Rispetto a simile aspirazione, a simile esigenza di pienezza e compimento e soddisfazione, la vita non offre però che risposte limitate, effimere, contingenti: irriducibilmente inferiori, e dunque frustranti. Chiediamo felicità piena, una – scrive Leopardi – “infinità di piacere”, e quel che segue sono, nel migliore dei casi, soddisfazioni circoscritte e momentanee, conseguendone la delusione sistematica, e con essa “il sentimento della nullità di tutte le cose, la insufficienza di tutti i piaceri a riempierci l’animo”.

La biblioteca di Palazzo Leopardi, Recanati (Ansa)

Quanto più siamo vivi, cioè coscienti e consapevoli della nostra umanità, tanto più dobbiamo ammettere la tragica sproporzione tra preghiera (del cuore) e offerta (del mondo).

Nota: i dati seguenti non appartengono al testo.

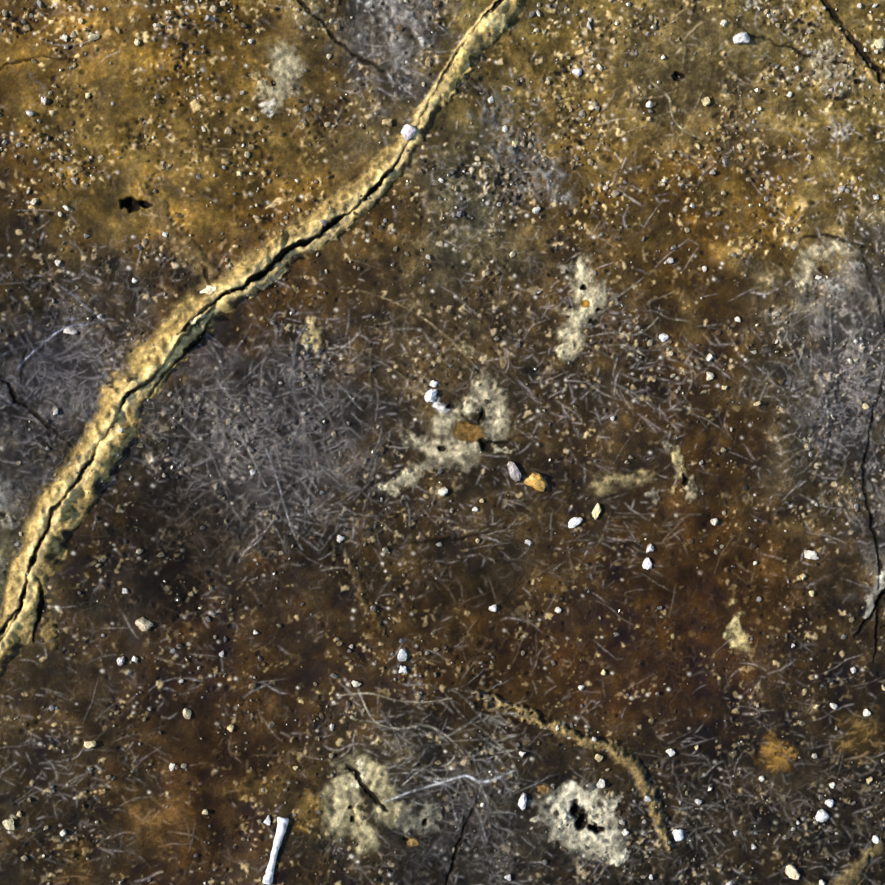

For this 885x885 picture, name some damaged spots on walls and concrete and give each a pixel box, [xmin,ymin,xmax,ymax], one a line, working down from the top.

La “sublimità del sentire” e il limite della “realtà” (secondo i termini impiegati da Giussani) entrano in collisione, e da ciò derivano, alternativamente, lo sconforto più nero oppure, a non volersi arrendere allo scacco, la “sollecitazione al ‘sogno’”, che Leopardi, a sua volta, chiama “facoltà immaginativa, la quale può concepire le cose che non sono, e in un modo in cui le cose reali non sono”.

In questa prospettiva, non sarebbe improprio scorgere una fondamentale (ma anche sconcertante), seppur parziale, convergenza tra l’esperienza o parabola leopardiana e quanto si legge nel capitolo 8 della Lettera ai Romani.

Anche per san Paolo, infatti, essenza dell’esserci è l’attesa, ovvero il mancamento, dentro cui si radicano il desiderio e la speranza: “tutta insieme la creazione geme e soffre”, “sottoposta alla caducità”, alla “schiavitù della corruzione”, e pertanto è protesa verso ciò che si situa al di là delle nostre forze e misure.

Evidentemente, a tale diagnosi, che riguarda (con Giussani) “l’esperienza di sproporzione tra fattori che ci costituiscono”, tengono dietro vuoi l’annuncio di Paolo (la “buona novella”), vuoi il sogno di Leopardi, che da quell’annuncio sembrerebbe non essere mai stato raggiunto o toccato.

Ma, come la vicenda leopardiana, puntualmente registrata e messa a fuoco nelle sue opere, dimostra, sogno, immaginazione, illusione sono succedanei, e non bastano. La pagina dello Zibaldone datata 5 novembre 1823 è, al proposito, spietata: “Il giovane che al suo ingresso nella vita, si trova, per qualunque causa e circostanza ed in qual che sia modo, ributtato dal mondo, […] il giovane, dico, che o da’ parenti, come spesso accade, o da que’ di fuori, si trova ributtato ed escluso dalla vita, e serrata la strada ai godimenti […], tutta, dico, questa forza e questo ardore che lo spingevano verso la felicità, l’azione, la vita, ei la rivolge a proccurarsi l’infelicità, l’inattività, la morte morale”.

La riflessione del recanatese non potrebbe essere più attuale, deducendosene la responsabilità – oggi più che mai accresciuta – di genitori, educatori e maestri. Non a caso, infatti, sei mesi dopo quell’appunto, nel maggio del ’24 Leopardi scrive il Dialogo della Natura e di un Islandese, da lui stesso ritenuto il testo della resa, un punto di non ritorno nella propria storia, fondato sul riconoscimento di un’inimicizia tra l’uomo e il mondo in cui vive.

L’opportunità delle Opere morali, come sfida alla coscienza e alla responsabilità di tutti, è quindi lampante, nella misura in cui questi testi valgono a impedire che l’intelligenza sia messa in scacco dagli alibi, dalle rimozioni e dalle tante minime gratificazioni elargite in un mondo ridotto a supermarket.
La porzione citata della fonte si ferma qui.